The present disclosure relates to technology for non-volatile memory.
Semiconductor memory has become increasingly popular for use in various electronic devices. For example, non-volatile semiconductor memory is used in cellular telephones, digital cameras, personal digital assistants, mobile computing devices, non-mobile computing devices and other devices. Electrically Erasable Programmable Read Only Memory (EEPROM) and flash memory are among the most popular non-volatile semiconductor memories. With flash memory, also a type of EEPROM, the contents of the whole memory array, or of a portion of the memory, can be erased in one step, in contrast to the traditional, full-featured EEPROM. The array of storage elements may be divided into a large number of blocks of storage elements.
Both the traditional EEPROM and the flash memory utilize a floating gate that is positioned above and insulated from a channel region in a semiconductor substrate. The floating gate is positioned between the source and drain regions. A control gate is provided over and insulated from the floating gate. The threshold voltage (Vth) of the transistor thus formed is controlled by the amount of charge that is retained on the floating gate. That is, the minimum amount of voltage that must be applied to the control gate before the transistor is turned on to permit conduction between its source and drain is controlled by the level of charge on the floating gate. Thus, a storage element may be read by applying a reference voltage to its control gate and sensing the magnitude of the current that flows between its drain and source.
A storage element may be programmed by applying suitable programming voltages to its control gate. Typically, a program voltage Vpgm applied to the control gate during a program operation is applied as a series of pulses that increase in magnitude over time.
Typically, the Vth of the memory cell varies with temperature. If the same memory cell is read at different temperatures, its Vth typically shifts lower as the temperature increases. The Vth shift per temperature unit is defined as the Temperature Coefficient (or simply Tco) for that memory cell. For some devices, Tco is a negative quantity since the Vth reduces as the temperature increases.
This shift is depicted in FIG. 1, which shows two sets of threshold voltage distributions. One set is for a high temperature read, the other for a low temperature read. However, each set was programmed at the same temperature. Each set has a threshold voltage distribution for an A-state, B-state, and C-state. A portion of the erase-state is also shown. The threshold voltage distribution for a given state shows the range of Vths for memory cells programmed to that state. Example read levels (VrA, VrB, VrC) are shown for the low temperature distributions. Example read levels (VrA′, VrB′, VrC′) are shown for the high temperature distributions. For accurate reading, the read levels may be about midway between two adjacent threshold voltage distributions. Note that the y-axis is a log scale of the number of memory cells.

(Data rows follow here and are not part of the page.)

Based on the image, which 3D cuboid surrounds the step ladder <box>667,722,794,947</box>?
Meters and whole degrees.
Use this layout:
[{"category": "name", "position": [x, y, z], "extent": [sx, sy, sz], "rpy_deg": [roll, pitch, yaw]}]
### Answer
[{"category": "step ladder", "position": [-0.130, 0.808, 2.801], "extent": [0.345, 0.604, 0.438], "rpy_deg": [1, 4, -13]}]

One possible way to compensate for this Vth temperature dependence is to determine read levels according to an equation such as Equation 1.R(atT)=R0+Tco*T   Eq. 1
In Equation 1, R is the read level for a given state, R0 is a base read reference voltage for that state, T is the temperature during read, and Tco is the temperature coefficient which may be optimized by matching it with the memory cell Tco. Note that Tco may be a function of the state being read. As one example, a result of applying Equation 1 may be to determine level VrB for the low-temperature read and VrB′ for the high-temperature read (see FIG. 1). Thus, a compensation that is based on the dependence of the memory cell's Vth on temperature may be applied to the read levels.

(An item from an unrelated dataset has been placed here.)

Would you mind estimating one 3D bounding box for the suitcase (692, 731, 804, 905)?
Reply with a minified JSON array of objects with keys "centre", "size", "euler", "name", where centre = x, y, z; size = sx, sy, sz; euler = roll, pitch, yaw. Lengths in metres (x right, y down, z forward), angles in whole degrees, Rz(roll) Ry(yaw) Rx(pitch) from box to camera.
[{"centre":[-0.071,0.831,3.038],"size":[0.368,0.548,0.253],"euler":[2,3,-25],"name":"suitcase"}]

Further complicating the situation is that the memory cells could be programmed at different temperatures. For example, memory cells in one block (or some other unit) in the memory could be programmed at a high temperature and another block at a low temperature. In one scenario, the different blocks may be read back at the same read temperature. For example, there may be a high-temperature program paired with a high-temperature read, as well as a low-temperature program paired with a high-temperature read. In another scenario, the different blocks may read back at different read temperatures. For example, there may be a high-temperature program paired with a high-temperature read, as well as a low-temperature program paired with a low-temperature read.
If the same program verify levels are used at different temperatures, it would lead to different Vth distribution positions for the blocks programmed at different temperatures due to the Tco of the memory cells. This is true even if both blocks are read at the same temperature. This is also true even if temperature compensation is used during read for the case that reading is performed at different temperatures. Thus, simply having a Tco on read levels is not sufficient to take care of different programming temperatures.
To resolve the problem of different programming temperatures, the same Tco may also be applied to all the verify levels (not depicted in FIG. 1). As one example, the verify levels will also follow Equation 1 (but with verify levels instead of read levels). At lower temperatures, the verify levels for all states will be higher than what they would be at higher temperature. Thus, if both blocks are read back with optimized voltage Tco, the Vth distributions would align at the same position no matter the temperature the programming was done at.
Note that to achieve the above, the value for Tco used on read/verify levels needs to be optimized such that it matches with the memory cell Tco (the rate at which typical cell's Vth moves with temperature). Also there may be state dependency in the memory cell Tco, which means different Tco values may be used to determine read and verify reference levels for different states.